■ **PROBLEM REQUIREMENTS**
Would you set down the data that follows, word for word, without any pictures?

■ **INFORMATION SHOWN**
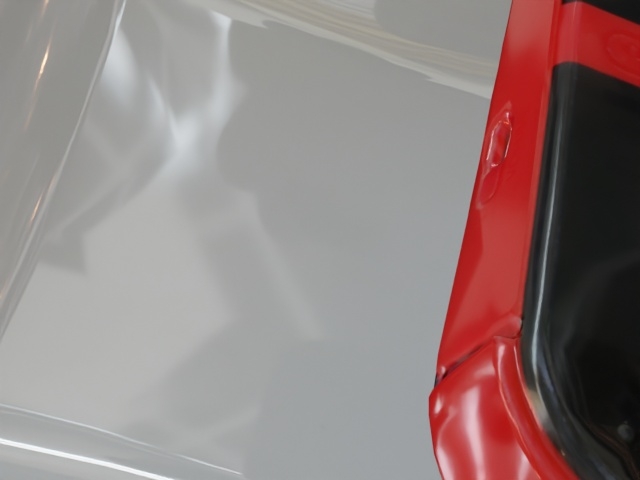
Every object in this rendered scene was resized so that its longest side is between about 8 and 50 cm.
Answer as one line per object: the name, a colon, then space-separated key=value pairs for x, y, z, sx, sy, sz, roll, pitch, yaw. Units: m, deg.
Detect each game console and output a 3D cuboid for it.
game console: x=0.236 y=0.020 z=0.618 sx=0.060 sy=0.386 sz=0.342 roll=120 pitch=168 yaw=-48

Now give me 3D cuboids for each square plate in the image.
square plate: x=0.000 y=0.000 z=0.808 sx=0.049 sy=0.347 sz=0.344 roll=117 pitch=170 yaw=-54
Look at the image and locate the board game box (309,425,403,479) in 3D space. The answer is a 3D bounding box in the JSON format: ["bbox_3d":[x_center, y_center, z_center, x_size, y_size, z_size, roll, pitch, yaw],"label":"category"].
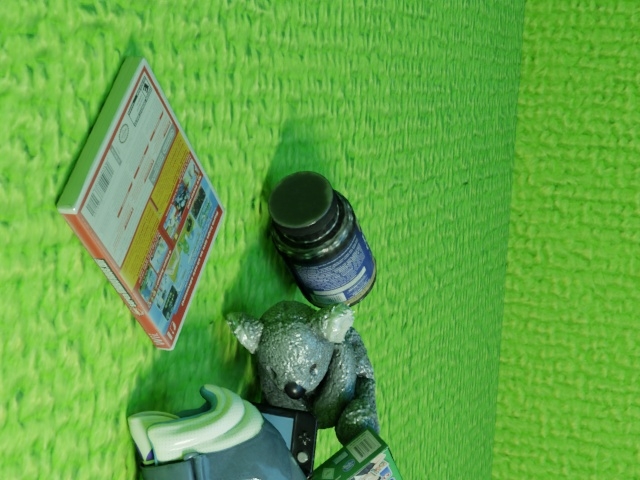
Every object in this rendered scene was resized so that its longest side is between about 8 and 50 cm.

■ **WRITTEN SOLUTION**
Every object in this rendered scene was resized so that its longest side is between about 8 and 50 cm.
Answer as one line per object: the name, a colon, then space-separated key=value pairs for x, y, z, sx, sy, sz, roll, pitch, yaw. Units: m, deg.
Detect each game console and output a 3D cuboid for it.
game console: x=0.236 y=0.020 z=0.618 sx=0.060 sy=0.386 sz=0.342 roll=120 pitch=168 yaw=-48

Now give me 3D cuboids for each square plate in the image.
square plate: x=0.000 y=0.000 z=0.808 sx=0.049 sy=0.347 sz=0.344 roll=117 pitch=170 yaw=-54
Look at the image and locate the board game box (309,425,403,479) in 3D space. The answer is a 3D bounding box in the JSON format: ["bbox_3d":[x_center, y_center, z_center, x_size, y_size, z_size, roll, pitch, yaw],"label":"category"].
Every object in this rendered scene was resized so that its longest side is between about 8 and 50 cm.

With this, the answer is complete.